3/10/2016: Version [1.2.3](https://pypi.python.org/pypi/netCDF4/1.2.3) released. Various bug fixes.
All text attributes in ``NETCDF4`` formatted files are now written as type ``NC_CHAR``, unless they contain unicode characters that
cannot be encoded in ascii, in which case they are written as ``NC_STRING``.  Previously,
all unicode strings were written as ``NC_STRING``. This change preserves compatibility
with clients, like Matlab, that can't deal with ``NC_STRING`` attributes. 
A ``setncattr_string`` method was added to force attributes to be written as ``NC_STRING``.

1/1/2016: Version [1.2.2](https://pypi.python.org/pypi/netCDF4/1.2.2) released.

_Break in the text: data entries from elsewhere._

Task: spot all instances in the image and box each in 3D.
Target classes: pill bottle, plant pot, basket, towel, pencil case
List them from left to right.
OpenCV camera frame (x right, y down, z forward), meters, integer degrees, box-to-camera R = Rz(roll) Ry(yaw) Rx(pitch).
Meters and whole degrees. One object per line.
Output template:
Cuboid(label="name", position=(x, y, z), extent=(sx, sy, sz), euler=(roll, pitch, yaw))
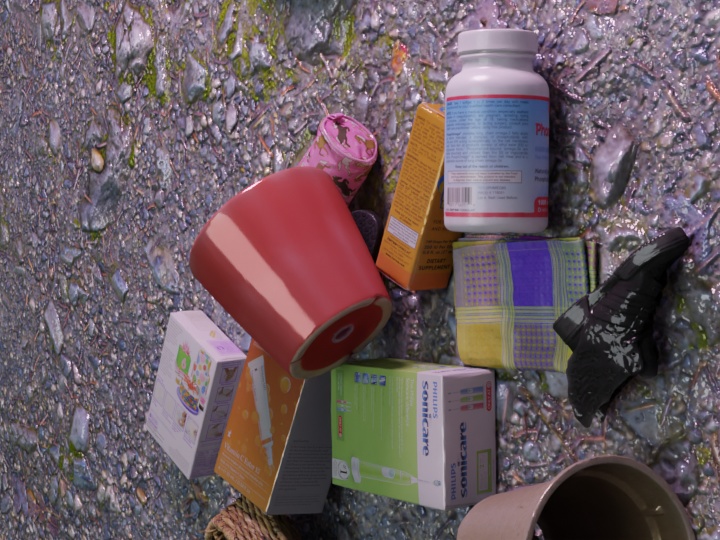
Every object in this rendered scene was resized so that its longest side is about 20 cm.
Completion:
Cuboid(label="basket", position=(-0.131, 0.398, 1.561), extent=(0.148, 0.143, 0.200), euler=(-37, 53, -3))
Cuboid(label="plant pot", position=(-0.067, 0.011, 1.399), extent=(0.178, 0.199, 0.201), euler=(53, 131, 23))
Cuboid(label="pencil case", position=(-0.053, -0.103, 1.526), extent=(0.200, 0.086, 0.083), euler=(-52, 21, 39))
Cuboid(label="pill bottle", position=(0.140, -0.141, 1.257), extent=(0.108, 0.108, 0.203), euler=(5, 96, 51))
Cuboid(label="towel", position=(0.169, 0.035, 1.300), extent=(0.199, 0.023, 0.146), euler=(3, 94, 52))
Cuboid(label="plant pot", position=(0.188, 0.281, 1.178), extent=(0.183, 0.198, 0.203), euler=(-18, 78, 62))

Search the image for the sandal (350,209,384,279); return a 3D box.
Cuboid(label="sandal", position=(0.000, 0.000, 1.503), extent=(0.201, 0.045, 0.076), euler=(107, 145, -44))

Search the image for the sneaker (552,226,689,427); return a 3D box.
Cuboid(label="sneaker", position=(0.258, 0.056, 1.163), extent=(0.200, 0.060, 0.105), euler=(-45, 72, 34))

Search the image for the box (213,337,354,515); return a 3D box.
Cuboid(label="box", position=(-0.091, 0.190, 1.554), extent=(0.124, 0.097, 0.202), euler=(26, 103, 46))

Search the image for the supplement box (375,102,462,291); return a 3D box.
Cuboid(label="supplement box", position=(0.081, -0.081, 1.369), extent=(0.069, 0.066, 0.202), euler=(34, 119, 45))

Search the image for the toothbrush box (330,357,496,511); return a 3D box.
Cuboid(label="toothbrush box", position=(0.057, 0.181, 1.399), extent=(0.199, 0.085, 0.148), euler=(0, 92, 52))

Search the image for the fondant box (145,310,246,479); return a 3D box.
Cuboid(label="fondant box", position=(-0.243, 0.181, 1.801), extent=(0.144, 0.058, 0.202), euler=(38, 122, 43))

Mostly bugfixes, but with two new features.

* support for the new ``NETCDF3_64BIT_DATA`` format introduced in netcdf-c 4.4.0.
Similar to ``NETCDF3_64BIT`` (now ``NETCDF3_64BIT_OFFSET``), but includes
64 bit dimension sizes (> 2 billion), plus unsigned and 64 bit integer data types.
Uses the classic (netcdf-3) data model, and does not use HDF5 as the underlying storage format.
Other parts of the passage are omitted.